→ Work to be completed:
Search term "object": copy each line of the records that contains it.

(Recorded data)
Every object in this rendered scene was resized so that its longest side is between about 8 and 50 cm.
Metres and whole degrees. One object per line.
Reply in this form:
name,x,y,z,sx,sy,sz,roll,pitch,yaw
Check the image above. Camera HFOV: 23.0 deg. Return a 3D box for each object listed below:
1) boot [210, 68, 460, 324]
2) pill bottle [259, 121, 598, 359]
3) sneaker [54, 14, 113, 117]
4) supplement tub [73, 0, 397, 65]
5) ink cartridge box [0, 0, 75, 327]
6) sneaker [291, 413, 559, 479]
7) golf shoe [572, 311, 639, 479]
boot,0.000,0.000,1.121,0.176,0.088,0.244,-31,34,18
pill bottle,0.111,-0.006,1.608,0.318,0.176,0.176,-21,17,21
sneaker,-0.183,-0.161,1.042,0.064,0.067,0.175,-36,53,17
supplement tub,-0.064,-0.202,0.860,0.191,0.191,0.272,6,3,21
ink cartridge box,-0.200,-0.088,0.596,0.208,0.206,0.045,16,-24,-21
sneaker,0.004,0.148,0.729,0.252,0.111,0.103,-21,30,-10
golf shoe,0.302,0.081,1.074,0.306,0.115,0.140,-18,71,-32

→ Solution to the problem:
Every object in this rendered scene was resized so that its longest side is between about 8 and 50 cm.
Metres and whole degrees. One object per line.
Check the image above. Camera HFOV: 23.0 deg. Return a 3D box for each object listed below:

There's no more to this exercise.